Un Plan National Santé a été présenté en 2006, puis actualisé en 2008, afin de moderniser la santé et la rendre plus efficace . Cependant, ce plan n’a pas fait l’objet d’une évaluation factuelle et transparente des réalisations et des résultats obtenus à mi parcours. En 2006, 38 programmes de santé publique ont été lancés, dont le coût a été évalué à près de 200 milliards de DA financés à horizon 2009, avec une volonté d’ « évaluation à mi parcours » – non datée de ces programmes ; A 2012, cette évaluation n’a pas encore été réalisée, ou du moins ses résultats n’ont pas été rendus publics. Cette évaluation est un pré-requis essentiel tant pour la poursuite des réformes que pour valider les axes de refonte du système de santé.
Un accès inégal aux soins pour les citoyens, tributaires de leur positionnement géographique et de leurs moyens. Une implantation inégale des infrastructures hospitalières sur le territoire avec (sur)concentration en zone littorale et urbaine, à laquelle s’ajoute un retard relatif par rapport aux pays du benchmark en matière d’infrastructures de base et de ratio lits hospitaliers / habitant : Une couverture médicale disparate (ex : 1,52 médecins pour 1000 hab dans le Centre, contre 0,81 pour 1000 hab dans le Sud Est ; 1 spécialiste pour 733 hab à Alger, contre 1 spécialiste pour 12 827 pour Djelfa) [1] Des populations rurales qui sont encore à une distance géographique élevée des infrastructures hospitalières et se sentent dès lors délaissées. Une part du reste à charge des ménages qui, d'après les experts [2], dépasserait les 40% de la dépense en santé et creuse de fait les inégalités d’accès. On constate également une structure de la Dépense Nationale de Santé (DNS) déséquilibrée avec une part des ménages de près de 30%, celle de l’Etat à 40% et les 30% restants à la charge de la Sécurité Sociale. D'après les experts, une prépondérance des spécialistes au détriment des généralistes, avec un recours quasi systématique au spécialiste en première intention de consultation. Des ruptures récurrentes et de longue durée dans l’approvisionnement en médicaments et en produits de santé.
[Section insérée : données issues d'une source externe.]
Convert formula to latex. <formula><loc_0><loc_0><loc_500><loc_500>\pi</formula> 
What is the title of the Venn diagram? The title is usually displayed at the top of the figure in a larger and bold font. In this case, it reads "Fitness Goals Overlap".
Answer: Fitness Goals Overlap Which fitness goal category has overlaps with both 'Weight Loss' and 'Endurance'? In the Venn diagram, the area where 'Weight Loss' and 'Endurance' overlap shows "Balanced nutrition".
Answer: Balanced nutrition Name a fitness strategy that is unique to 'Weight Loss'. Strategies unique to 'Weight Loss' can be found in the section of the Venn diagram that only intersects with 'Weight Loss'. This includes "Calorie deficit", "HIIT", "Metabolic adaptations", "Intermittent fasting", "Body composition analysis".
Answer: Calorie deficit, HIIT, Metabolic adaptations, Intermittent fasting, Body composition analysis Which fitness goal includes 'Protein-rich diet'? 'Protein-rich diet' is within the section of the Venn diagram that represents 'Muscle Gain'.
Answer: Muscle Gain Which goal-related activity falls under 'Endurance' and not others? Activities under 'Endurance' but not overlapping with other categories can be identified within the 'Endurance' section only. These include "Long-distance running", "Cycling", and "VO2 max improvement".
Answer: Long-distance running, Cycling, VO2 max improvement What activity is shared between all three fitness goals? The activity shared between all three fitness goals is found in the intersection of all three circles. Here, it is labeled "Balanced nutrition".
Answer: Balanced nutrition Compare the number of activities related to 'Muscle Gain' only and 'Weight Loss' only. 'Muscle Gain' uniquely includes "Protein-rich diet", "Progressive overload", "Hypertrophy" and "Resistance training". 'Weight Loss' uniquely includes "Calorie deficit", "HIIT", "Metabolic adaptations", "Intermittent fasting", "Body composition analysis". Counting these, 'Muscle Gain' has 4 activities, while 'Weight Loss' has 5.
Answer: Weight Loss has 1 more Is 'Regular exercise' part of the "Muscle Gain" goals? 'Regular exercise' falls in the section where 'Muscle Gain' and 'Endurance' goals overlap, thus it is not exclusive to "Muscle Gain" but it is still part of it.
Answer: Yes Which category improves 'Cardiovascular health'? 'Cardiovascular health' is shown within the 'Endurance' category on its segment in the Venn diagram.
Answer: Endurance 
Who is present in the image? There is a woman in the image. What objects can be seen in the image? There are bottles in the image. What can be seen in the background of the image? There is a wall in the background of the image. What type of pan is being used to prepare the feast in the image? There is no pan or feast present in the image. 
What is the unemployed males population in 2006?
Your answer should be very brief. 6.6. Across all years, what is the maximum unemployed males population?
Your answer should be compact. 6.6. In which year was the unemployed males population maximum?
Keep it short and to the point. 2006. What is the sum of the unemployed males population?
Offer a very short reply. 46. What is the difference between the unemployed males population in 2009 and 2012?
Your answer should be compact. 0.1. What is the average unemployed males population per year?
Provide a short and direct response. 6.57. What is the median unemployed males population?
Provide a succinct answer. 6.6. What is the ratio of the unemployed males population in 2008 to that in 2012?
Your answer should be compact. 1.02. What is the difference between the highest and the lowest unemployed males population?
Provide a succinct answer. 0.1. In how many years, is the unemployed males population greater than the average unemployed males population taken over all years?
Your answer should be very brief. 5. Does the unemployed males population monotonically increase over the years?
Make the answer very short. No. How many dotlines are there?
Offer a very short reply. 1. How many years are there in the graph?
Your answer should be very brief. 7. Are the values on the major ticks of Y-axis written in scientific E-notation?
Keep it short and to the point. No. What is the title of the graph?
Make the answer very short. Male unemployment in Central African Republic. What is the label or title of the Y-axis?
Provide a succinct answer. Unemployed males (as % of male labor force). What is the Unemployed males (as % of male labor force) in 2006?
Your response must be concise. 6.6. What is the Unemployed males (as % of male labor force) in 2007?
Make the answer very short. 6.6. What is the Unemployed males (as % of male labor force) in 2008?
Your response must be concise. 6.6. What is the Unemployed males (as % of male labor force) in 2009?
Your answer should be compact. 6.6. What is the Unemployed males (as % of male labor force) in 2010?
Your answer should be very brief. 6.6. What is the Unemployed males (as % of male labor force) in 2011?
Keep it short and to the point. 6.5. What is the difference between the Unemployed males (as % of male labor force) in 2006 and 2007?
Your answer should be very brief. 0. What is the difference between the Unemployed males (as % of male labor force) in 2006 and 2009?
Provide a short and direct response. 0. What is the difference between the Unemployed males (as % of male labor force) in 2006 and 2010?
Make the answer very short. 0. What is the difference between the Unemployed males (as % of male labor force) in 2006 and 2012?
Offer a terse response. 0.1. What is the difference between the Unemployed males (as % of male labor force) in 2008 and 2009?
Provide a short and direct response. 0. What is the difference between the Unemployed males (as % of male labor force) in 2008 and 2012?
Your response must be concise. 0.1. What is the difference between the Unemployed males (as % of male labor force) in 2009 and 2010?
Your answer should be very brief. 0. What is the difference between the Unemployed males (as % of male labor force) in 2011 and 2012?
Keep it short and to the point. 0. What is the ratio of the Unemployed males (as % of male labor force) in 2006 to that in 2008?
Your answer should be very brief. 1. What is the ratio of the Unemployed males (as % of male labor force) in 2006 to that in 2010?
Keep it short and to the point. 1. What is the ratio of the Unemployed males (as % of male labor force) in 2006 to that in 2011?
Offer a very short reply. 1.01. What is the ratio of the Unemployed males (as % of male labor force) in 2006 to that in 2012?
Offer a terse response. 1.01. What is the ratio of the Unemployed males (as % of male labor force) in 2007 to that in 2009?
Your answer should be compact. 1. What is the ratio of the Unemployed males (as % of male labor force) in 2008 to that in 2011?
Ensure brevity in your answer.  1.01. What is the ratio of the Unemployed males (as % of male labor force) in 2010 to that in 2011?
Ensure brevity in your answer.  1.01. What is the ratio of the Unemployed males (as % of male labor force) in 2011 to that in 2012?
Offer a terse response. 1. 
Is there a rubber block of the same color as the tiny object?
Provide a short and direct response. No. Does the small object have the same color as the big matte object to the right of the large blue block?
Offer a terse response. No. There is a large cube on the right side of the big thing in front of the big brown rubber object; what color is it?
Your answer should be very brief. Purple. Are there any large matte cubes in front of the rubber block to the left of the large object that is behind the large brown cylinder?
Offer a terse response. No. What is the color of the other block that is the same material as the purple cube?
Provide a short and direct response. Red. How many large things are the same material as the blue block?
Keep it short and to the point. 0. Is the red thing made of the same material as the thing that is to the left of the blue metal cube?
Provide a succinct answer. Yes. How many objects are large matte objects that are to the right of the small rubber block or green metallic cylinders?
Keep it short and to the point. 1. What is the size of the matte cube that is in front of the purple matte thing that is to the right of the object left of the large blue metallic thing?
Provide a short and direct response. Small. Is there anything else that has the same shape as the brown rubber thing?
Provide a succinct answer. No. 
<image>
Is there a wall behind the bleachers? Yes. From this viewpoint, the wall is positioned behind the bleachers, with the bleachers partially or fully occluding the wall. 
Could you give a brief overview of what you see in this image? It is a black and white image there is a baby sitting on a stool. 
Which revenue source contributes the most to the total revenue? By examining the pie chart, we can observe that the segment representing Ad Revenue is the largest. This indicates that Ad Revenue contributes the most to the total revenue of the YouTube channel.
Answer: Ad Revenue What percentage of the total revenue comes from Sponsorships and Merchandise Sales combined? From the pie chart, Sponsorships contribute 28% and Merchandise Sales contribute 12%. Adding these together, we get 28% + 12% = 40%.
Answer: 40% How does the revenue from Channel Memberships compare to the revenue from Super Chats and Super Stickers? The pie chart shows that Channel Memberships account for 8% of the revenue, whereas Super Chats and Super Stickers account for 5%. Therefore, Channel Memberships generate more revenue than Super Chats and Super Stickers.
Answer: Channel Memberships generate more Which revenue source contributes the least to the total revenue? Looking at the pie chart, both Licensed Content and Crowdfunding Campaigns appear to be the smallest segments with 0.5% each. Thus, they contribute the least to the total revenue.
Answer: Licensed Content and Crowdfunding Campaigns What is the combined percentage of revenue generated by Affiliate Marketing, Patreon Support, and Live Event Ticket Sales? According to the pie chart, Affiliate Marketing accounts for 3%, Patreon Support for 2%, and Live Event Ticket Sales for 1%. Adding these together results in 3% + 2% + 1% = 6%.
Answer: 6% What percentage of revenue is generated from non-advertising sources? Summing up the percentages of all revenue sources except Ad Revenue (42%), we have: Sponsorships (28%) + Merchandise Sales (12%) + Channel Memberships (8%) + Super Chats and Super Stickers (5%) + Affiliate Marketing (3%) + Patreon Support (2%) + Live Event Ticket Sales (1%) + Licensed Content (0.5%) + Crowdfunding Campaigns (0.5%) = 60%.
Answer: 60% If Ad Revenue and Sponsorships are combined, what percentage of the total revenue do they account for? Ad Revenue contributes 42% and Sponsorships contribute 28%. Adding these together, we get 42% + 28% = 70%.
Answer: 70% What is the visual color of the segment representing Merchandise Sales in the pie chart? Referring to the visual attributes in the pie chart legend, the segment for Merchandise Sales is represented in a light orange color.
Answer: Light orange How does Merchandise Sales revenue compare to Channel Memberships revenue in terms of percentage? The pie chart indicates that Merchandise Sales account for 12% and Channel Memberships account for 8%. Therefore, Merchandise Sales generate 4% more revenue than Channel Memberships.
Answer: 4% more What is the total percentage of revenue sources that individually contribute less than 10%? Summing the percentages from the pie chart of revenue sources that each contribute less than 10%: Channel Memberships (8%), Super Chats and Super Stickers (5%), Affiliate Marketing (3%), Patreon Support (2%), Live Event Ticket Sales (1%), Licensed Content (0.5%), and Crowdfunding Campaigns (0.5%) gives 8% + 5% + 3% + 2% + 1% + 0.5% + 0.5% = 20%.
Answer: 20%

Une efficacité du système de santé qui demeure faible au vu de l’état sanitaire des Algériens par rapport à des pays à revenu comparable, malgré les moyens relativement importants qui ont été mobilisés notamment depuis une décennie. Une volonté de poursuivre le développement des équipements lourds et la création de nouvelles structures hospitalières, ce qui privilégie une logique de volume au détriment d’une réflexion prospective et qualitative sur les besoins de prise en charge à moyen terme / long terme. Un écart fort entre les statistiques, qui produisent des indicateurs globaux satisfaisants et la réelle qualité de l’accès aux soins La qualité de services (infrastructures, équipements opérationnels, hôtellerie à niveau) et de prise en charge médicale et soignante est jugée très perfectible par les usagers (les malades, leurs familles et leurs accompagnants). En matière de qualité des soins, le fossé se creuse par ailleurs entre un secteur public voué à assister massivement les populations et un secteur privé plus ciblé et plus marchand ;
Une part du PIB actuellement consacrée à la santé qui reste relativement faible en Algérie (près de 6% en 2010), comparée aux pays du benchmark et aux standards internationaux (entre 7 et 10%) malgré les progrès récents accomplis. Un système de santé où la complémentarité entre les secteurs public et privé n’est pas organisée.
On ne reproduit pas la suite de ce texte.